По моим оценкам, нормального православного довольно легко узнать по отсутствию постной рожи, наличию мирской профессии, интересу к политике и наличию политических убеждений. Как правило, умеренно-националистического толка. То, что такие люди есть и их не так уж мало — удивительно, и может быть объяснено только чудом.
Ситуация усугубляется тем, что по причинам, которые здесь не место обсуждать, наша церковь в ХХ веке оказалась, по сути, лишенной богословского и пастырского осмысления наиболее серьезных проблем и ситуаций мирской жизни. У нас по-настоящему нет сегодня церковных концепций семьи, дружбы, профессии, политики и социальной справедливости.
Только в последние годы началась серьезная работа над этими темами.
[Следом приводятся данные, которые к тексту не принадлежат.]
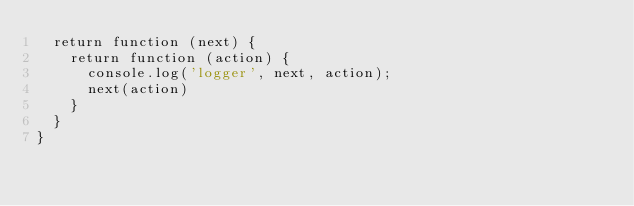<code> <loc_0><loc_0><loc_500><loc_500><_JavaScript_>  return function (next) {
    return function (action) {
      console.log('logger', next, action);
      next(action)
    }
  }
}</code> 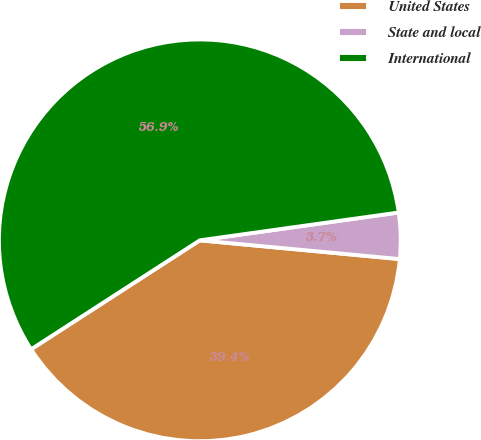Convert chart. <chart><loc_0><loc_0><loc_500><loc_500><pie_chart><fcel>United States<fcel>State and local<fcel>International<nl><fcel>39.38%<fcel>3.7%<fcel>56.91%<nl></chart> 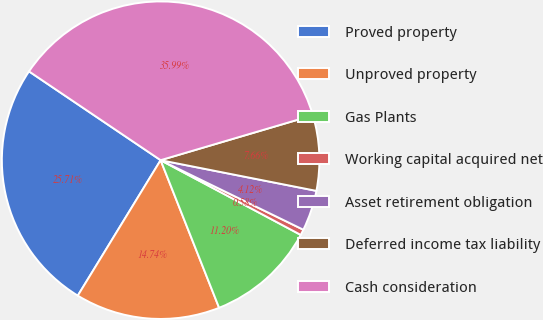<chart> <loc_0><loc_0><loc_500><loc_500><pie_chart><fcel>Proved property<fcel>Unproved property<fcel>Gas Plants<fcel>Working capital acquired net<fcel>Asset retirement obligation<fcel>Deferred income tax liability<fcel>Cash consideration<nl><fcel>25.71%<fcel>14.74%<fcel>11.2%<fcel>0.58%<fcel>4.12%<fcel>7.66%<fcel>35.99%<nl></chart>

И здесь невозможно переоценить как богословского, так и организационного вклада митрополита Кирилла, который на сегодняшний день вместе с нашим Патриархом остается наиболее трезвомыслящим архипастырем и вероучителем.
Я, разумеется, не знаю, как решать описанные здесь проблемы. Но решать их нужно нам всем. Полагаю, что здесь есть два перспективных направления деятельности. Одно из них — это то, что называется политическим православием. Другое можно назвать православным освоением мирской сферы. Думаю, нам надо двигаться в сторону сочетания догматического, канонического и обрядового консерватизма с практическим, политическим и социальным модернизмом. Если Господь нам поможет, может быть, мы и придем к новому каппадокийскому синтезу церковности и культуры. Но это уже совсем другая история.